Bill Kelly wrote:
> Brian Candler wrote:
>   
>> I got as far as recording 200 behaviours of String in ruby 1.9 before I 
>> gave up:
>> http://github.com/candlerb/string19/blob/master/string19.rb
>>
>> The solution I use is simple: stick to ruby 1.8.x. When that branch 
>> dies, perhaps reia will be ready.

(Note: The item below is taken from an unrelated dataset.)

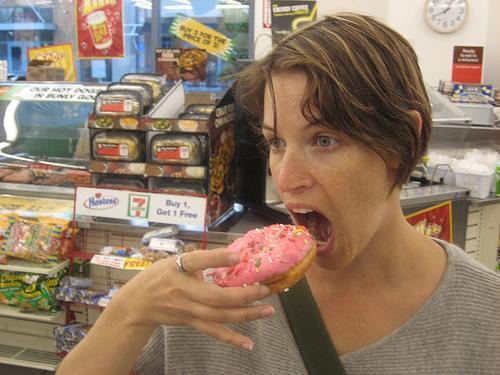How many doughnuts are there?
Give a very brief answer. 1.

If not I'll move to something else.
>>
>> IMO, both python 3 and erlang have got the right idea when it comes to 
>> handling UTF8.
>>     
>
> Could you summarize what you feel the key difference of
> the python 3 / erlang approach is, compared to ruby19 ?
>   

Taking a UTF-8 approach is easier to implement because you enforce all
strings to be UTF-8 and ignore when this doesn't work.  Kind of like
saying everything will be ASCII or converted to it ;)

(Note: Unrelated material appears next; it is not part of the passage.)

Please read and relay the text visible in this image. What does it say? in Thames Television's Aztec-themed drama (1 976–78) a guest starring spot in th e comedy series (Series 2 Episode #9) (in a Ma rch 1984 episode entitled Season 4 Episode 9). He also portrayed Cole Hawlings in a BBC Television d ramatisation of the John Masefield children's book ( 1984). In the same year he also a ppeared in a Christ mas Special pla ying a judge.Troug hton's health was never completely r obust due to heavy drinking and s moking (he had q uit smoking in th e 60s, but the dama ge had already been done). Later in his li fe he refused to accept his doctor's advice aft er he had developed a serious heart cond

> I'm a relative newbie in dealing with character encodings,
> but I do recall a few lengthy discussions on this list when
> ruby19's M17N was being developed, where the "UTF-8 only"
> approaches of some other languages were deemed insufficient
> for various reasons.
>   

Not everything maps one-to-one to UTF-8.

> However, my understanding is that one is supposed to be
> able to effectively make ruby behave as a "UTF-8 only"
> language if one makes sure external data is transcoded to
> UTF-8 at I/O boundaries.
>   

That is pretty much it.  The problem is that a lot of libraries still
don't handle encodings.  This results in some spurious errors when a
function requiring compatible encoding operates on them[1].  The
solution is to add support for handling encodings.

Edward

1. As appose to ruby 1.8 which would silently ignore actual errors
caused by the use of incompatible encodings.